## PROBLEM DESCRIPTION
Give each line of the records again exactly and omit every picture.
◇ ◇ ◇ ◇ ◇ ◇ ◇
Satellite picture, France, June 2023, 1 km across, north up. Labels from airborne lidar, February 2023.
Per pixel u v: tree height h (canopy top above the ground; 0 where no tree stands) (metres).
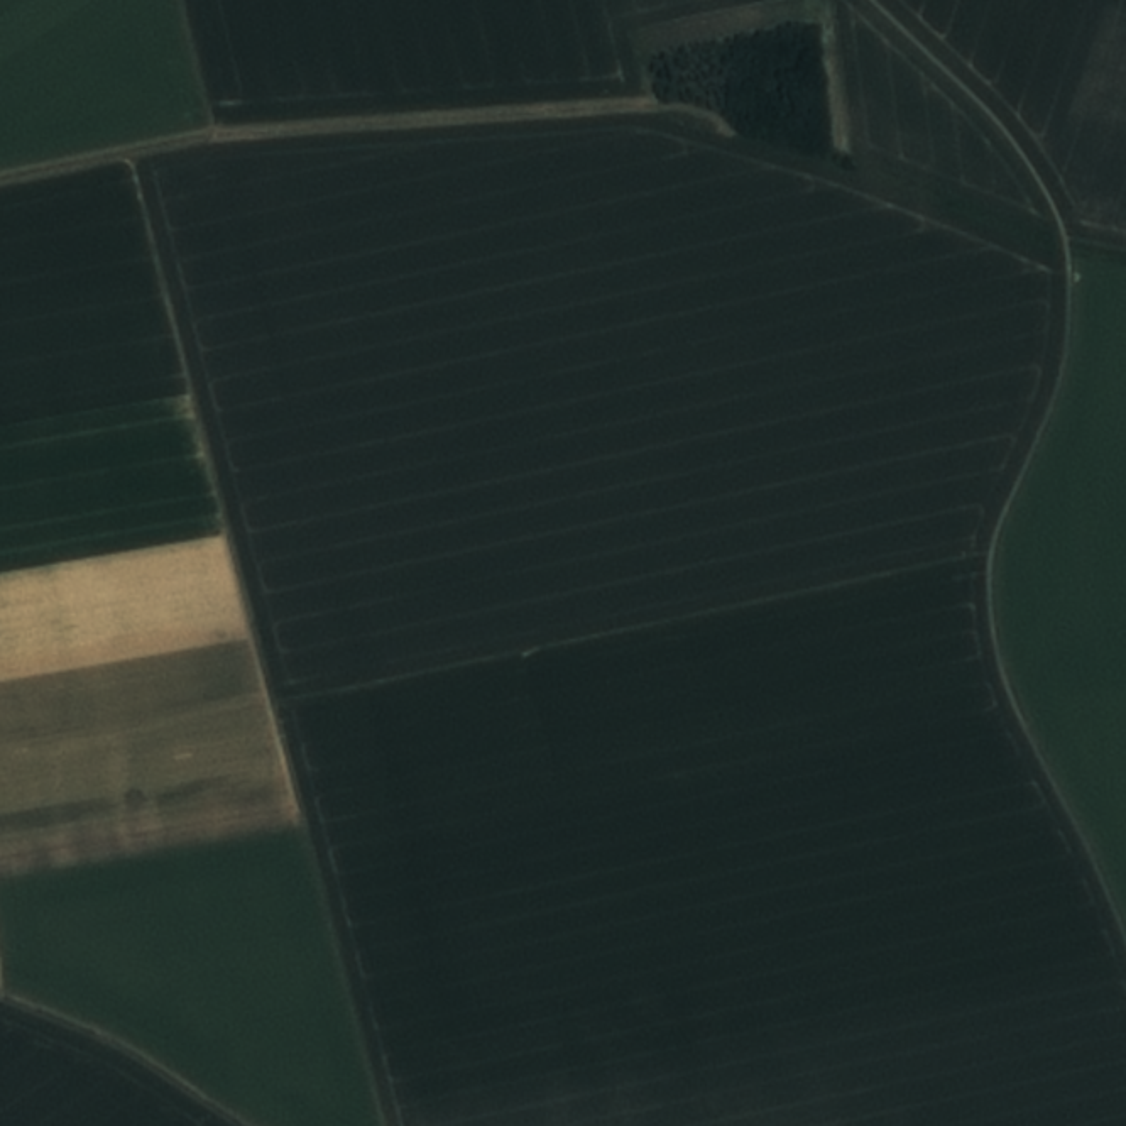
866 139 0
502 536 0
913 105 0
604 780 0
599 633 0
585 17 0
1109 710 0
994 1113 0
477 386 0
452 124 0
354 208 0
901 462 0
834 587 0
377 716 0
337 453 0
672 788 0
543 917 0
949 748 0
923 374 0
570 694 0
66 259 0
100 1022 0
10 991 0
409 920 0
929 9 0
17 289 0
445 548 0
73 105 0
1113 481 0
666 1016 0
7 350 0
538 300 0
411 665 0
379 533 0
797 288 0
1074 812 0
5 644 0
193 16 0
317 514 0
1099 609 0
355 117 0
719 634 0
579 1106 0
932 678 0
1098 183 0
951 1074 0
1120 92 0
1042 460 0
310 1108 0
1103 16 0
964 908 0
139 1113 0
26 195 0
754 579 0
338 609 0
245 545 0
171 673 0
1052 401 0
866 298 0
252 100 0
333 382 0
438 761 0
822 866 0
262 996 0
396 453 0
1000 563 0
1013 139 0
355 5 0
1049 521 0
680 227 0
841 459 0
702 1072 0
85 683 0
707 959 0
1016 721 0
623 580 0
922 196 0
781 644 0
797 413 0
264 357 0
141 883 0
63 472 0
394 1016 0
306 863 0
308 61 0
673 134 0
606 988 0
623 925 0
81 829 0
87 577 0
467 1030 0
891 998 0
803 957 0
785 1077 0
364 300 0
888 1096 0
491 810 0
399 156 0
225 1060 0
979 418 0
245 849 0
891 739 0
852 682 0
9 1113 0
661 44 0
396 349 0
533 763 0
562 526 0
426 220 0
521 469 0
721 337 0
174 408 0
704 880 0
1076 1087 0
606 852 0
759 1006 0
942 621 0
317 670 0
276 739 0
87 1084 0
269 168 0
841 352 0
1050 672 0
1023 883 0
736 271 0
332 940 0
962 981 0
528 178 0
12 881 0
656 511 0
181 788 0
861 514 0
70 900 0
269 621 0
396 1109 0
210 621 0
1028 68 0
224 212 0
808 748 0
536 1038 0
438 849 0
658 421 0
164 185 0
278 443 0
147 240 0
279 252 0
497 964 0
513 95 0
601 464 0
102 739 0
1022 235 0
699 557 0
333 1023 0
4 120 0
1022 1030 0
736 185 0
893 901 0
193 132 0
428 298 0
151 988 0
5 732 0
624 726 0
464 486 0
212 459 0
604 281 0
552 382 0
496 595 0
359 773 0
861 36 0
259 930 0
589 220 0
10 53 0
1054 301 0
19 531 0
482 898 0
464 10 0
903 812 0
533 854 0
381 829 0
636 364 0
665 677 0
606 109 0
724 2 0
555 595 0
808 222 0
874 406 0
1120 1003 0
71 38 0
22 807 0
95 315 0
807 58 16
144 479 0
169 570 0
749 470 0
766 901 0
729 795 0
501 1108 0
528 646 0
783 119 14
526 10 0
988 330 0
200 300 0
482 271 0
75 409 0
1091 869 0
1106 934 0
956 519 0
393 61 0
◇ ◇ ◇ ◇ ◇ ◇ ◇
## OUTPUT FOR THIS TASK
Satellite picture, France, June 2023, 1 km across, north up. Labels from airborne lidar, February 2023.
Per pixel u v: tree height h (canopy top above the ground; 0 where no tree stands) (metres).
866 139 0
502 536 0
913 105 0
604 780 0
599 633 0
585 17 0
1109 710 0
994 1113 0
477 386 0
452 124 0
354 208 0
901 462 0
834 587 0
377 716 0
337 453 0
672 788 0
543 917 0
949 748 0
923 374 0
570 694 0
66 259 0
100 1022 0
10 991 0
409 920 0
929 9 0
17 289 0
445 548 0
73 105 0
1113 481 0
666 1016 0
7 350 0
538 300 0
411 665 0
379 533 0
797 288 0
1074 812 0
5 644 0
193 16 0
317 514 0
1099 609 0
355 117 0
719 634 0
579 1106 0
932 678 0
1098 183 0
951 1074 0
1120 92 0
1042 460 0
310 1108 0
1103 16 0
964 908 0
139 1113 0
26 195 0
754 579 0
338 609 0
245 545 0
171 673 0
1052 401 0
866 298 0
252 100 0
333 382 0
438 761 0
822 866 0
262 996 0
396 453 0
1000 563 0
1013 139 0
355 5 0
1049 521 0
680 227 0
841 459 0
702 1072 0
85 683 0
707 959 0
1016 721 0
623 580 0
922 196 0
781 644 0
797 413 0
264 357 0
141 883 0
63 472 0
394 1016 0
306 863 0
308 61 0
673 134 0
606 988 0
623 925 0
81 829 0
87 577 0
467 1030 0
891 998 0
803 957 0
785 1077 0
364 300 0
888 1096 0
491 810 0
399 156 0
225 1060 0
979 418 0
245 849 0
891 739 0
852 682 0
9 1113 0
661 44 0
396 349 0
533 763 0
562 526 0
426 220 0
521 469 0
721 337 0
174 408 0
704 880 0
1076 1087 0
606 852 0
759 1006 0
942 621 0
317 670 0
276 739 0
87 1084 0
269 168 0
841 352 0
1050 672 0
1023 883 0
736 271 0
332 940 0
962 981 0
528 178 0
12 881 0
656 511 0
181 788 0
861 514 0
70 900 0
269 621 0
396 1109 0
210 621 0
1028 68 0
224 212 0
808 748 0
536 1038 0
438 849 0
658 421 0
164 185 0
278 443 0
147 240 0
279 252 0
497 964 0
513 95 0
601 464 0
102 739 0
1022 235 0
699 557 0
333 1023 0
4 120 0
1022 1030 0
736 185 0
893 901 0
193 132 0
428 298 0
151 988 0
5 732 0
624 726 0
464 486 0
212 459 0
604 281 0
552 382 0
496 595 0
359 773 0
861 36 0
259 930 0
589 220 0
10 53 0
1054 301 0
19 531 0
482 898 0
464 10 0
903 812 0
533 854 0
381 829 0
636 364 0
665 677 0
606 109 0
724 2 0
555 595 0
808 222 0
874 406 0
1120 1003 0
71 38 0
22 807 0
95 315 0
807 58 16
144 479 0
169 570 0
749 470 0
766 901 0
729 795 0
501 1108 0
528 646 0
783 119 14
526 10 0
988 330 0
200 300 0
482 271 0
75 409 0
1091 869 0
1106 934 0
956 519 0
393 61 0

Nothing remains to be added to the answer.